Search optimization in a very (100k+) large paths history

Hi there!

I'm currently writing an application where I have, at one point, to iterate recursively through a LOT of directories (let's say something around 100k).

Problem is, I also have to follow symbolic links, which some of them may point to directories already visited by the algorithm. But due to the treatment performed by the said algorithm, I have to make sure the treatment is not applied twice - and there is also the performance aspect, traversing directories multiple times makes the whole program go a lot slower.

Which means I have to check, for each directory, if it has already been visited by the program. For that, the dumb and naive method I think about would be to build a Vec<PathBuf> and put each directory inside. The problem is that 1) it takes quite a bit of memory (although this not a major problem) but also that 2) it would be quite slow to compare each directory against the history.

Let's say we're at the middle of the analysis, we have an history of 50k item. The remaining 50k items will have to be matched against a 50k+ history, which means more than 2.5 billions comparison, each requiring to compare character by character. So that's clearly out of the question.

I've also though about hashing the path, but the default hashing method of Rust only works on 8 bytes, which gives a risk of collision that isn't neligeable (I currently have a base of 100k items but it may grow a lot to get in the millions in the near future).

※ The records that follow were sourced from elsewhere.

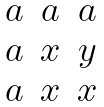Convert formula to latex. <formula><loc_0><loc_0><loc_500><loc_500>\begin{matrix} a & a & a \\ a & x & y \\ a & x & x \end{matrix}</formula> 
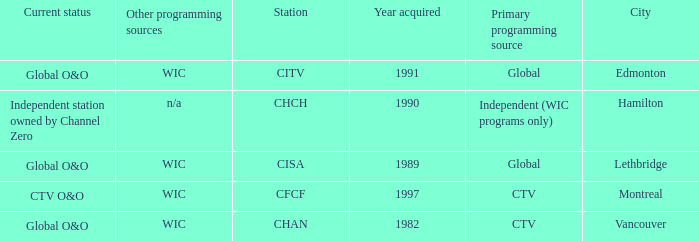How any were gained as the chan 1.0. 
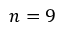Convert formula to latex. <formula><loc_0><loc_0><loc_500><loc_500>n = 9</formula> 
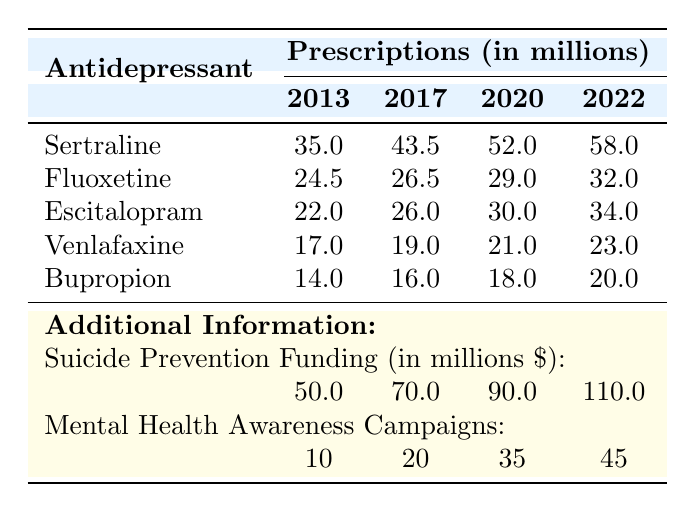What was the total number of prescriptions for Sertraline in 2022? The table shows that the number of prescriptions for Sertraline in 2022 is 58,000,000.
Answer: 58,000,000 Which antidepressant had the lowest number of prescriptions in 2013? The table indicates that Bupropion had the lowest prescriptions at 14,000,000 in 2013, compared to other antidepressants listed.
Answer: Bupropion What is the increase in prescriptions for Escitalopram from 2013 to 2022? The number of prescriptions for Escitalopram in 2013 was 22,000,000, and in 2022 it was 34,000,000. The increase is 34,000,000 - 22,000,000 = 12,000,000.
Answer: 12,000,000 What percentage increase in prescriptions did Fluoxetine experience from 2013 to 2022? Fluoxetine had 24,500,000 prescriptions in 2013 and 32,000,000 in 2022. The increase was 32,000,000 - 24,500,000 = 7,500,000. The percentage increase is (7,500,000 / 24,500,000) * 100 ≈ 30.61%.
Answer: 30.61% How many total prescriptions were made for all antidepressants in 2020? The total prescriptions for all antidepressants in 2020 can be calculated by summing their individual prescriptions: 52,000,000 (Sertraline) + 29,000,000 (Fluoxetine) + 30,000,000 (Escitalopram) + 21,000,000 (Venlafaxine) + 18,000,000 (Bupropion) = 150,000,000.
Answer: 150,000,000 Did the funding for suicide prevention increase each year from 2013 to 2022? The funding for suicide prevention starts at 50,000,000 in 2013 and increases to 110,000,000 in 2022, showing an increase every year.
Answer: Yes What is the ratio of prescriptions for Sertraline to Venlafaxine in 2022? In 2022, Sertraline had 58,000,000 prescriptions and Venlafaxine had 23,000,000 prescriptions. The ratio is 58,000,000 : 23,000,000, which simplifies to approximately 2.52 : 1.
Answer: 2.52 : 1 What is the average number of prescriptions for Antidepressants in 2017? The prescriptions for antidepressants in 2017 are: Sertraline (43,500,000), Fluoxetine (26,500,000), Escitalopram (26,000,000), Venlafaxine (19,000,000), Bupropion (16,000,000). The average is (43,500,000 + 26,500,000 + 26,000,000 + 19,000,000 + 16,000,000) / 5 = 26,000,000.
Answer: 26,000,000 How many more mental health awareness campaigns were conducted in 2022 compared to 2013? In 2013, there were 10 campaigns and in 2022, there were 45 campaigns. The difference is 45 - 10 = 35 campaigns.
Answer: 35 Which antidepressant had the highest growth rate over the decade? The growth rates can be calculated by the difference in prescriptions from 2013 to 2022 divided by the 2013 value for each antidepressant. For Sertraline, it's (58,000,000 - 35,000,000) / 35,000,000 ≈ 66.67%. For Fluoxetine, it's (32,000,000 - 24,500,000) / 24,500,000 ≈ 30.61%. For the others, similar calculations show that Sertraline had the highest growth rate.
Answer: Sertraline 
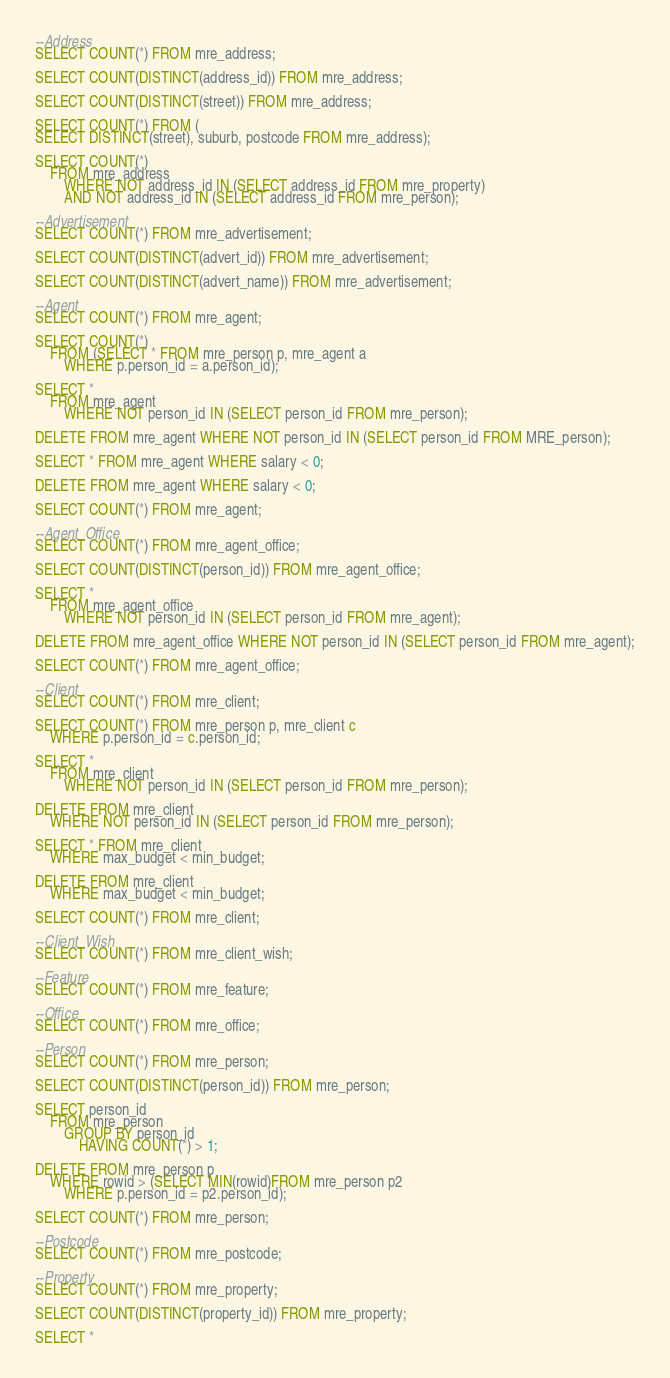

Longest hash algorithms tend to be slower as well, and there would still be a lot of comparisons involved as these would give string results instead of simple numbers, so that's a no as well.

So, is there a method (even if not simple at all) to check if a directory has already been visited? I can't get to figure out a solution for now... :confused:

Thanks in advance for your help! :slight_smile:

A BTreeSet can do it in a logarithmic number of operations.

2 Likes

Another option that is specific to strings such as paths would be a trie, but I'm not familiar with the trie implementations available in Rust, so you would have to research that on your own.

1 Like

I didn't see that, thought that it wasn't possible with the way keys are hashed.
I'll try that out, thanks :slight_smile:

A BTreeSet does not hash the keys. It works by storing them in alphabetical order.

2 Likes

Ok that seems more logical, I've just tested in my program and it's only a 1.5x~2x performance penalty, which is a LOT less than I expected.

Thanks a lot for your help :smiley:

You're welcome!

1.5x~2.x compared to what?

Compared to my base algorithm, which simply walks through directories and performs a few very light checkings (edit in release mode of course, debug build has an higher performance penalty due to low code optimization).

One recommendation I'd have is to construct your set with a certain capacity, as it sounds like you already know roughly how many items will be input. With 100k+ items, this will significantly reduce allocations.

A BTreeSet cannot be initialized to a certain capacity because it is a tree-based structure that stores things across several allocations.

1 Like

The problem is also that the program will sometimes be run on very small filesystem structures, so allocating 100k+ items in such case would be a waste.

What would be really useful though is to be able to bump the allocation by a thousand items each time for instance, but as @alice indicated this is not possible for BTreeSet.

If you use a HashSet with the resolved path as the key, you don't need to worry about collisions from a safety perspective since if there is a collision, it will just use the next slot for the duplicate hash and check that the contents match when it a hash already exists (or at least that's often how that works). Whether that's more performant would depend on multiple factors, but its worth a benchmark if performance is important.

2 Likes

I just tested it and it's actually a lot faster xD

Now there's only a 20% performance panelty (but I do a bit more work in my algorithm now), compared to almost 100% with a BTreeSet. The results seem to be the same.

Maybe because it's not sorted?

The HashSet has O(1) cost, so is in general preferred for speed.

1 Like

Try creating the HashSet with a high capacity so it doesn’t need to reallocate as suggested above. Also that will reduce collisions which will improve performance generally.

1 Like

I just tried that, even by pre-allocating just the right number of slots (dozens of thousands) this doesn't make much of a difference (less than 5% in total).

I guess this is because it holds PathBuf values which, just like String, need to allocate, and I bet that most of the allocations actually happen in there.

But thanks for the suggestion :slight_smile:

On linux at least, you could use the inode and device id to identify unique directories (though you would lose the path they were accessed via).

4 Likes

Oh that's a really good idea, this program is mostly meant to be used on Linux so this could be nice. Would the std::os::linux::fs::MetadataExt::st_ino method do the trick?

If your symlinks can traverse multiple devices, you'll need both st_ino and st_dev, and is the safer approach. If you're completely certain it's all on one device, just st_ino would work.

1 Like

Right. That's what I get for not bothering to check docs before commenting.